What the task asks:
Copy the entries below word for word, but omit any pictures they contain.

Data records:
------------

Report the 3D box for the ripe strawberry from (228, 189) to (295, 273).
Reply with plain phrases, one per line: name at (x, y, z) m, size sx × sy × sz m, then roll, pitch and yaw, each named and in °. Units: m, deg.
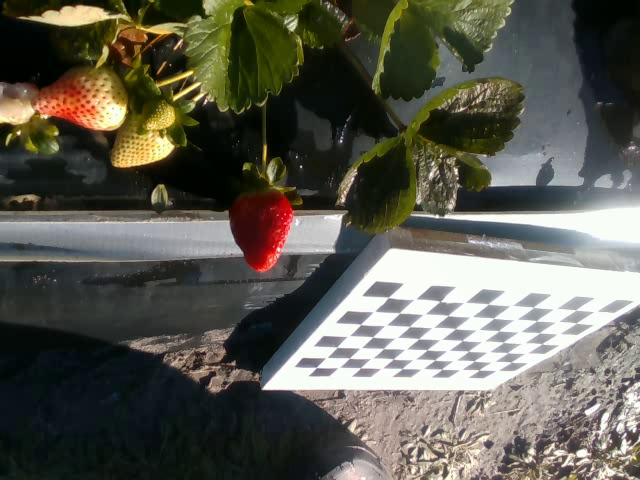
ripe strawberry at (-0.030, -0.003, 0.302) m, size 0.036 × 0.045 × 0.038 m, roll 8°, pitch -21°, yaw -20°
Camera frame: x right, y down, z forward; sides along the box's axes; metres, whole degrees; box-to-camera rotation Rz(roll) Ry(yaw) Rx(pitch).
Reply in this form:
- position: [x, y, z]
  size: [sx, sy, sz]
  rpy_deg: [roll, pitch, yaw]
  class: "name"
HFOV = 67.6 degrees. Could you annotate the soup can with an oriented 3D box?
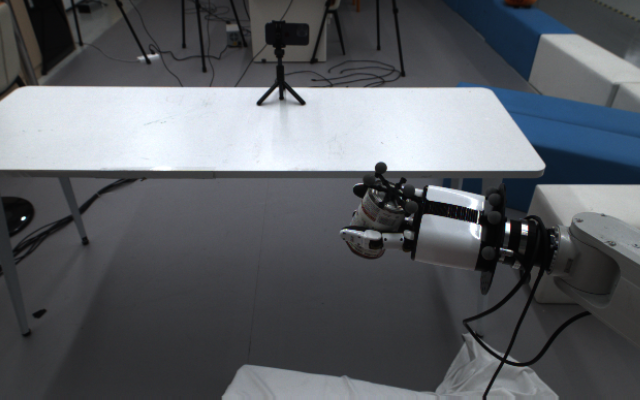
- position: [0.085, 0.029, 0.712]
  size: [0.067, 0.101, 0.067]
  rpy_deg: [14, 39, -12]
  class: "soup can"
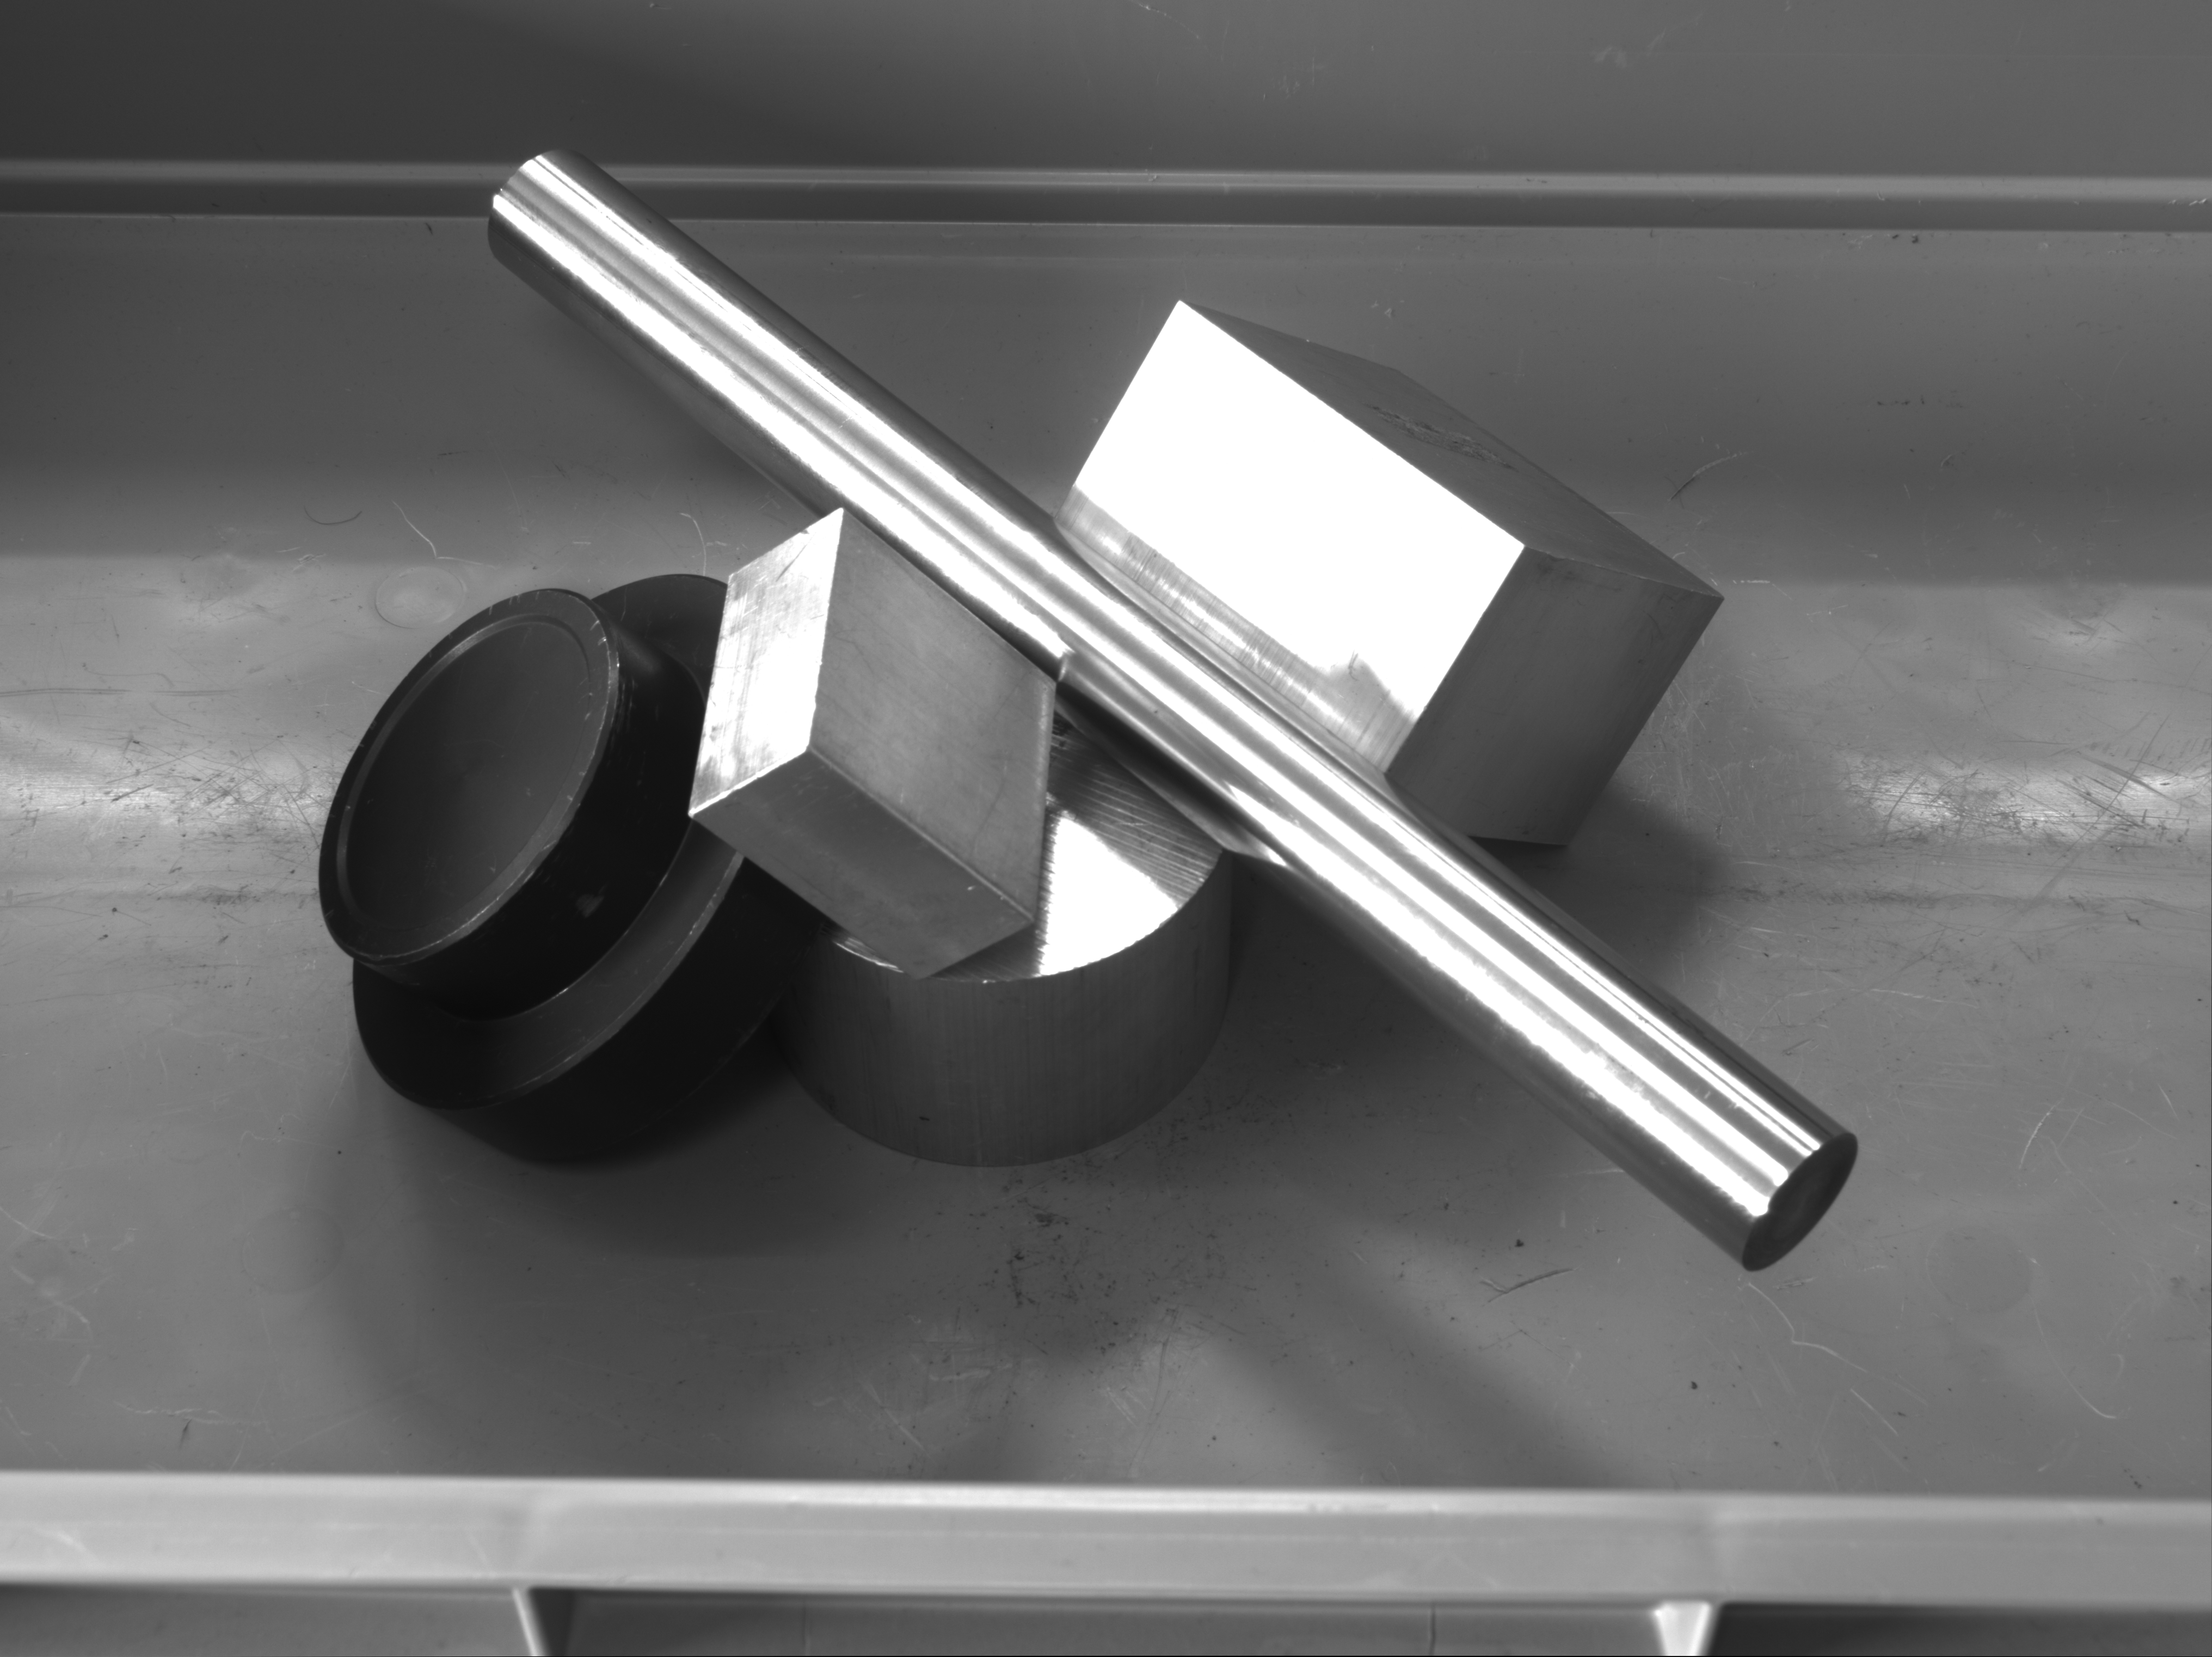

------------

Output for this exercise:
Report the 3D box for the ripe strawberry from (228, 189) to (295, 273).
Reply with plain phrases, one per line: name at (x, y, z) m, size sx × sy × sz m, then roll, pitch and yaw, each named and in °. Units: m, deg.
ripe strawberry at (-0.030, -0.003, 0.302) m, size 0.036 × 0.045 × 0.038 m, roll 8°, pitch -21°, yaw -20°
Camera frame: x right, y down, z forward; sides along the box's axes; metres, whole degrees; box-to-camera rotation Rz(roll) Ry(yaw) Rx(pitch).
Reply in this form:
- position: [x, y, z]
  size: [sx, sy, sz]
  rpy_deg: [roll, pitch, yaw]
  class: "name"
HFOV = 67.6 degrees. Could you annotate the soup can with an oriented 3D box?
- position: [0.085, 0.029, 0.712]
  size: [0.067, 0.101, 0.067]
  rpy_deg: [14, 39, -12]
  class: "soup can"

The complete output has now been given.